**Task:** Of all the lines in the entries below, give again exactly those starting at the line containing "Document page, 1164x1607 pixels." and ending at the line containing "text Zoals hierboven", both ends included, and no others.

*** Data records Section Begins ***

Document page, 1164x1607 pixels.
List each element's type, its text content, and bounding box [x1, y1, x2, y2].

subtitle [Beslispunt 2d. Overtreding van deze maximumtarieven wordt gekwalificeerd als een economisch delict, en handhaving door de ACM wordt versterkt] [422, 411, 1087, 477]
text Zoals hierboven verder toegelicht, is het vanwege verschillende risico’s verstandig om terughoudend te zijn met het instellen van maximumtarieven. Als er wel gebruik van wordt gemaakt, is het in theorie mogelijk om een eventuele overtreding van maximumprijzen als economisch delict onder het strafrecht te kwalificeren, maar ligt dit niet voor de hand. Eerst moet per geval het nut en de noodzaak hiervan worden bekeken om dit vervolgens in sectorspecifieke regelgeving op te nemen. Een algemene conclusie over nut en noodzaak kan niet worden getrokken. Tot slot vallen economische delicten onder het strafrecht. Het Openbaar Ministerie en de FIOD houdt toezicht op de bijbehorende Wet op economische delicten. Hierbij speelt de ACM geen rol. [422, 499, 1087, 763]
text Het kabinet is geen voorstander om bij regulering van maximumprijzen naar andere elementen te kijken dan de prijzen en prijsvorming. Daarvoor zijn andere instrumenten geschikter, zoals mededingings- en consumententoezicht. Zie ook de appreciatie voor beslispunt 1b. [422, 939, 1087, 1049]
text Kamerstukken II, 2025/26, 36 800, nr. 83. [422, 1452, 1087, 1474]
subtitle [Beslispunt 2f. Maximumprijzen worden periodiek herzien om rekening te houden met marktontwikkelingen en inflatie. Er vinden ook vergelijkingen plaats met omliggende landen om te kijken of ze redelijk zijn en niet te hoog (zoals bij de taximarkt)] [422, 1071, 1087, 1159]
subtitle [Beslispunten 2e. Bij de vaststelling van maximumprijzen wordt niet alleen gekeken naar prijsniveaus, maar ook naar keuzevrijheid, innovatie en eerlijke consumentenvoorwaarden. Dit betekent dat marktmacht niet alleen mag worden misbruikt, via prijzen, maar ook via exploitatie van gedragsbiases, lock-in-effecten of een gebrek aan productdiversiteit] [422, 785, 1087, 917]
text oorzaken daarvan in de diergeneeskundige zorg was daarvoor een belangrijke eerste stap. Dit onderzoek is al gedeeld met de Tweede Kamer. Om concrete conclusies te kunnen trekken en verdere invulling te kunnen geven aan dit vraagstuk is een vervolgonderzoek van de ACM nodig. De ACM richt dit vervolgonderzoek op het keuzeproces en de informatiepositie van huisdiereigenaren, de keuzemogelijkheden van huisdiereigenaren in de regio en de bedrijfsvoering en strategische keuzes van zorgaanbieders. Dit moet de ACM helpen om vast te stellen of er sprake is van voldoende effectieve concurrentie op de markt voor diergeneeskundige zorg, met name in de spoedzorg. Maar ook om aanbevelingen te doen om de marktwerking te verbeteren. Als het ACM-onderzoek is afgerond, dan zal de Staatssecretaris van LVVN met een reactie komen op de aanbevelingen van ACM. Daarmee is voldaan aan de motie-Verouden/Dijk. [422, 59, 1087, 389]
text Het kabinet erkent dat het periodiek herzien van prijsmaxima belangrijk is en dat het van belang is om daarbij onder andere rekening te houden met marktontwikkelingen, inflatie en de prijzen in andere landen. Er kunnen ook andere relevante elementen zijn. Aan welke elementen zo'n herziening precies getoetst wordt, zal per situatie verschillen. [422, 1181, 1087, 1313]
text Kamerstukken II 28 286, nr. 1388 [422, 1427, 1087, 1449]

*** Data records Section Ends ***
*** Data records Section Begins ***

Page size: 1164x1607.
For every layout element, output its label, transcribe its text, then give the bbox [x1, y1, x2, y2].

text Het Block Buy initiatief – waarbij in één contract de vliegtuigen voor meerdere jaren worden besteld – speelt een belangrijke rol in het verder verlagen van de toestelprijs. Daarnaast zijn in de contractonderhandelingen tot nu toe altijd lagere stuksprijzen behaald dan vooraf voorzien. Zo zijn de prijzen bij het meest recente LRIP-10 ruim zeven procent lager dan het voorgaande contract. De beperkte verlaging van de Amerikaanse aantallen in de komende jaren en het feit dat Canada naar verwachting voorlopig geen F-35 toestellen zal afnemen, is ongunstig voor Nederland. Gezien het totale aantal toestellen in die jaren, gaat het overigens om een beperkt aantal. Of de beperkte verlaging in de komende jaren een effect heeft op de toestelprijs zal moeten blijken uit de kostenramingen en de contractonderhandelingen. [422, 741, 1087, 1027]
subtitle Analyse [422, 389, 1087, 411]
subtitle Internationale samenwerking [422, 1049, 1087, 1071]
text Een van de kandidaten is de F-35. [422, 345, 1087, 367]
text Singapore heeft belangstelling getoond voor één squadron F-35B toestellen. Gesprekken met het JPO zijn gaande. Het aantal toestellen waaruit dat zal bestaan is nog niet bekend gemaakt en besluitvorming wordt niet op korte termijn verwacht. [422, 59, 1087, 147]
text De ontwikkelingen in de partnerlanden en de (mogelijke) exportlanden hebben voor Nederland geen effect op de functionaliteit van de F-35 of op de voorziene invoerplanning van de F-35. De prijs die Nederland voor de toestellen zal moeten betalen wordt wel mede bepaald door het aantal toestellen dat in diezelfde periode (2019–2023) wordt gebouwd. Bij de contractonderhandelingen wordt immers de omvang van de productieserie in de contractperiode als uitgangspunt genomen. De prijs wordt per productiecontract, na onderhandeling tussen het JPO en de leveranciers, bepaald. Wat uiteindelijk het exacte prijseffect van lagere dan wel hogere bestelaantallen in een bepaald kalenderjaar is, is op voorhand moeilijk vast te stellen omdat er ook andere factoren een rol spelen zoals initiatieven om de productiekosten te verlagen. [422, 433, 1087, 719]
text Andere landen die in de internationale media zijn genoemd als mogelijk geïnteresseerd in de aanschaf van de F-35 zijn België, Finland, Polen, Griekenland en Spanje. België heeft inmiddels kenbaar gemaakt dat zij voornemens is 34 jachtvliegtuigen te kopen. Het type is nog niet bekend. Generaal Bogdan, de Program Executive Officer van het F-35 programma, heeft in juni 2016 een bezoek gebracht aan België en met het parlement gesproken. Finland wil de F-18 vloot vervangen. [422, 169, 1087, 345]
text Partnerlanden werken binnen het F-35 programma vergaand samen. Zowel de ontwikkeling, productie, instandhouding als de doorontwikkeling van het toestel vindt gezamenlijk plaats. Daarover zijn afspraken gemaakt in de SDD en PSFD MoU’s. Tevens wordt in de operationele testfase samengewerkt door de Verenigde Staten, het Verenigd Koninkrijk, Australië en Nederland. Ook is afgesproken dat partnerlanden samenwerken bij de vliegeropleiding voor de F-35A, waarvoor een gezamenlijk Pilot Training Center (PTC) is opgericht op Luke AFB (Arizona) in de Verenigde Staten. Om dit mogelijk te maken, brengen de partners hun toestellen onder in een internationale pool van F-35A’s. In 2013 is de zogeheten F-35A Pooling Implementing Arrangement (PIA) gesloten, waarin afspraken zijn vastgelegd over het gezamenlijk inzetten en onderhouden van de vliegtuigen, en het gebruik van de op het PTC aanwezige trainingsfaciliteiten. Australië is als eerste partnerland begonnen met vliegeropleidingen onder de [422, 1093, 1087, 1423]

*** Data records Section Ends ***
*** Data records Section Begins ***

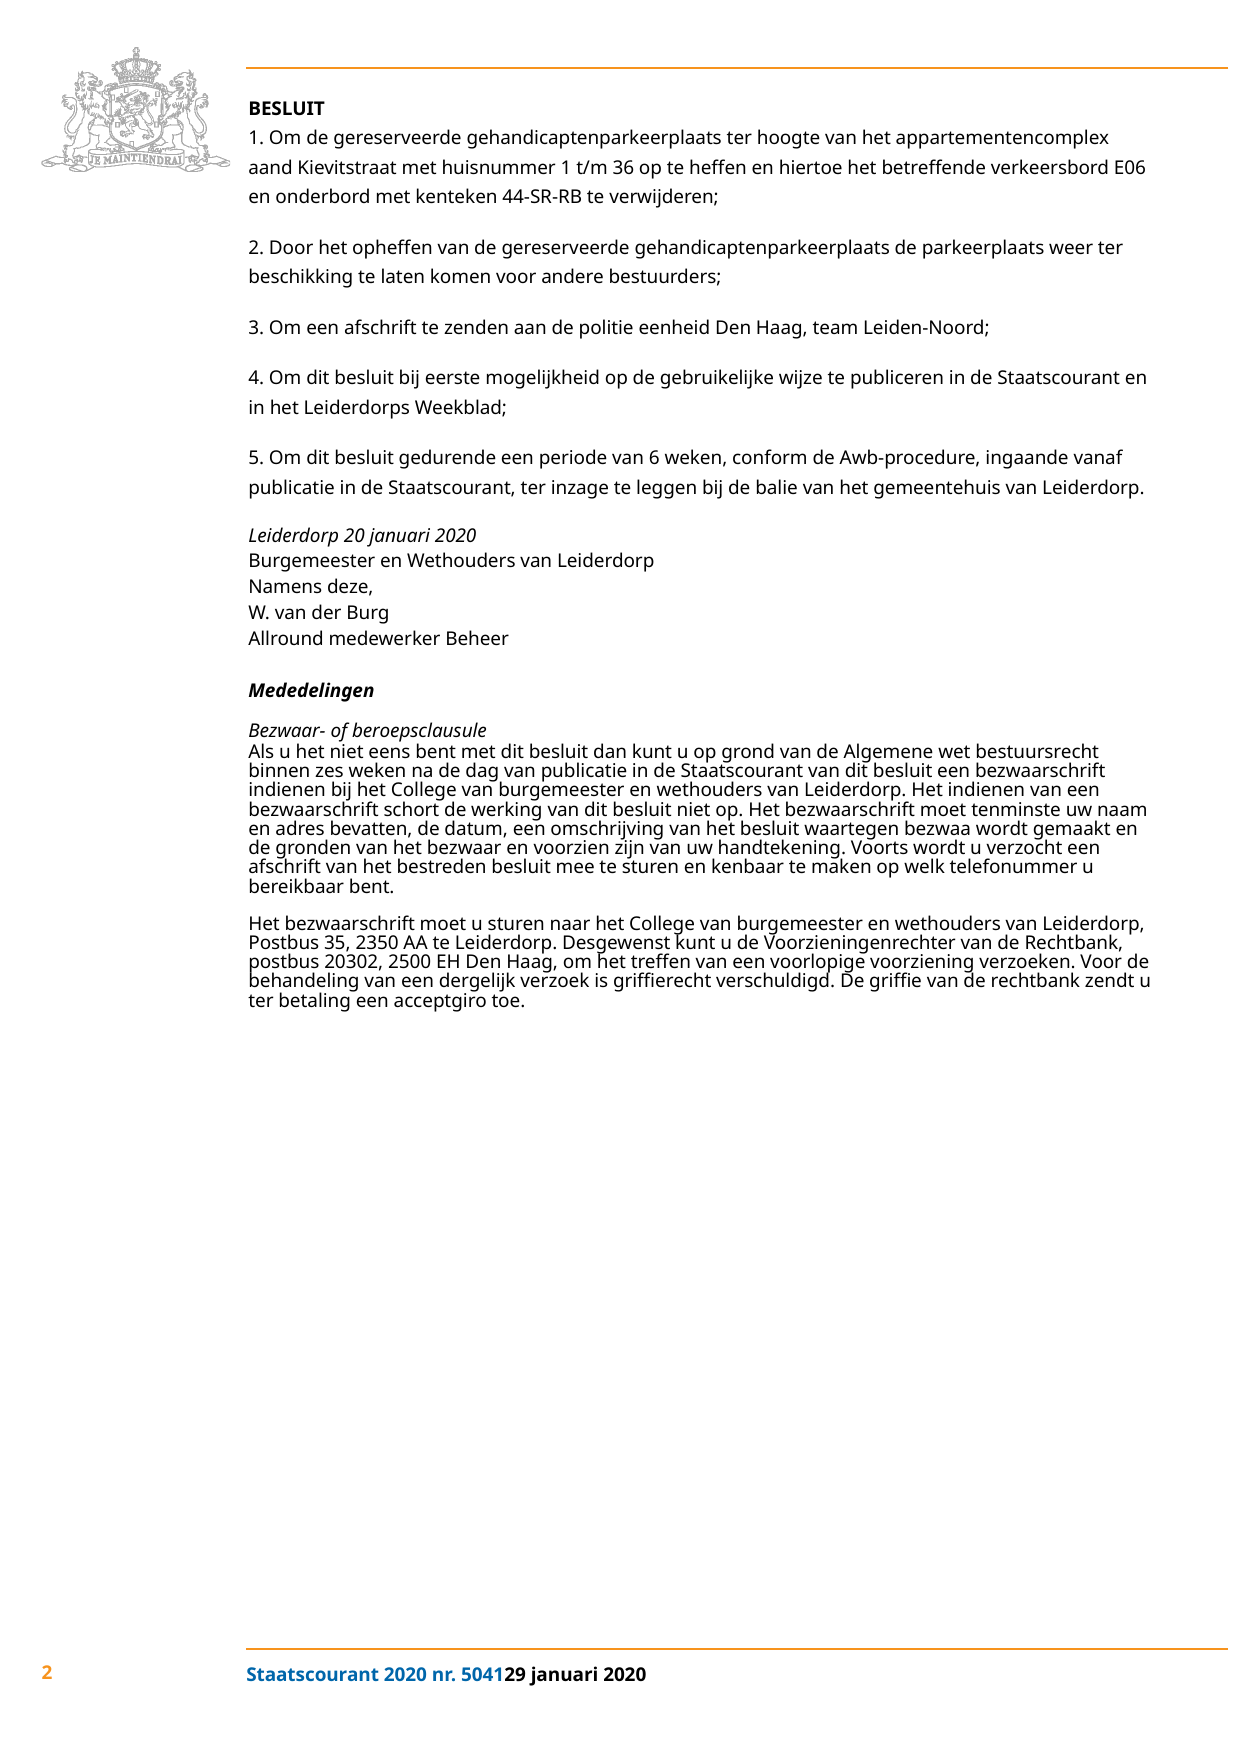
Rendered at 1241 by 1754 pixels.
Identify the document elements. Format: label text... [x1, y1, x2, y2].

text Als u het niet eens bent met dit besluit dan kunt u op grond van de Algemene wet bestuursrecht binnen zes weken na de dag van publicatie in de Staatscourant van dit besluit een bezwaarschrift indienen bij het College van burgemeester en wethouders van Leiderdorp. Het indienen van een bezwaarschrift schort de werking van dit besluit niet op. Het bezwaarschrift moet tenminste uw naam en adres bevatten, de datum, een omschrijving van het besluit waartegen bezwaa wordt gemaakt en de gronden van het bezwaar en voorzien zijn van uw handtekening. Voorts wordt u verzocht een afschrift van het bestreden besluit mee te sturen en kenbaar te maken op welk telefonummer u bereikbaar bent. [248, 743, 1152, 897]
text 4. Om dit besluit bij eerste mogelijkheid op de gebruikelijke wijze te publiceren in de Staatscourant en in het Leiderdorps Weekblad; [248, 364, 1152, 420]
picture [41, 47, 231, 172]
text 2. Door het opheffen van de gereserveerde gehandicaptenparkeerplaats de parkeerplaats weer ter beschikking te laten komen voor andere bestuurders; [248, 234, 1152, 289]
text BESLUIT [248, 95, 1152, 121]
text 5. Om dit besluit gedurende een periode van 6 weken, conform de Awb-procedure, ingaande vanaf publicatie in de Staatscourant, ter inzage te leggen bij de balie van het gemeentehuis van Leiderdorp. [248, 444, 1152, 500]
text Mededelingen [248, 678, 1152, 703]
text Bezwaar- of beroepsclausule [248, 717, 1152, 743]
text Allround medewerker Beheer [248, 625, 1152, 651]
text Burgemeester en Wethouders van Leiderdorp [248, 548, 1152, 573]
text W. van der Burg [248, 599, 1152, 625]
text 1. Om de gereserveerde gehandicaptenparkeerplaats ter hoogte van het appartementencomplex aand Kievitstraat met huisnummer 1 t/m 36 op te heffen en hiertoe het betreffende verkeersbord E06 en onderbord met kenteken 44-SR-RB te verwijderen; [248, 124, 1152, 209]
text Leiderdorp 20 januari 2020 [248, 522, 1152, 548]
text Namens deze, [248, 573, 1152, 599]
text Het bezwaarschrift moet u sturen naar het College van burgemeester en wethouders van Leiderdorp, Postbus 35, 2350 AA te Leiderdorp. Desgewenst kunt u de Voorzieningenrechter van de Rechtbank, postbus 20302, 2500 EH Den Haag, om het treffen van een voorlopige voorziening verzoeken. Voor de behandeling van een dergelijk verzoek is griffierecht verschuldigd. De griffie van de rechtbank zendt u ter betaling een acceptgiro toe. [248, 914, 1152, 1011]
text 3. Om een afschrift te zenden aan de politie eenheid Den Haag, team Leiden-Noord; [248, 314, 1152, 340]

*** Data records Section Ends ***

**Task output:**
Document page, 1164x1607 pixels.
List each element's type, its text content, and bounding box [x1, y1, x2, y2].

subtitle [Beslispunt 2d. Overtreding van deze maximumtarieven wordt gekwalificeerd als een economisch delict, en handhaving door de ACM wordt versterkt] [422, 411, 1087, 477]
text Zoals hierboven verder toegelicht, is het vanwege verschillende risico’s verstandig om terughoudend te zijn met het instellen van maximumtarieven. Als er wel gebruik van wordt gemaakt, is het in theorie mogelijk om een eventuele overtreding van maximumprijzen als economisch delict onder het strafrecht te kwalificeren, maar ligt dit niet voor de hand. Eerst moet per geval het nut en de noodzaak hiervan worden bekeken om dit vervolgens in sectorspecifieke regelgeving op te nemen. Een algemene conclusie over nut en noodzaak kan niet worden getrokken. Tot slot vallen economische delicten onder het strafrecht. Het Openbaar Ministerie en de FIOD houdt toezicht op de bijbehorende Wet op economische delicten. Hierbij speelt de ACM geen rol. [422, 499, 1087, 763]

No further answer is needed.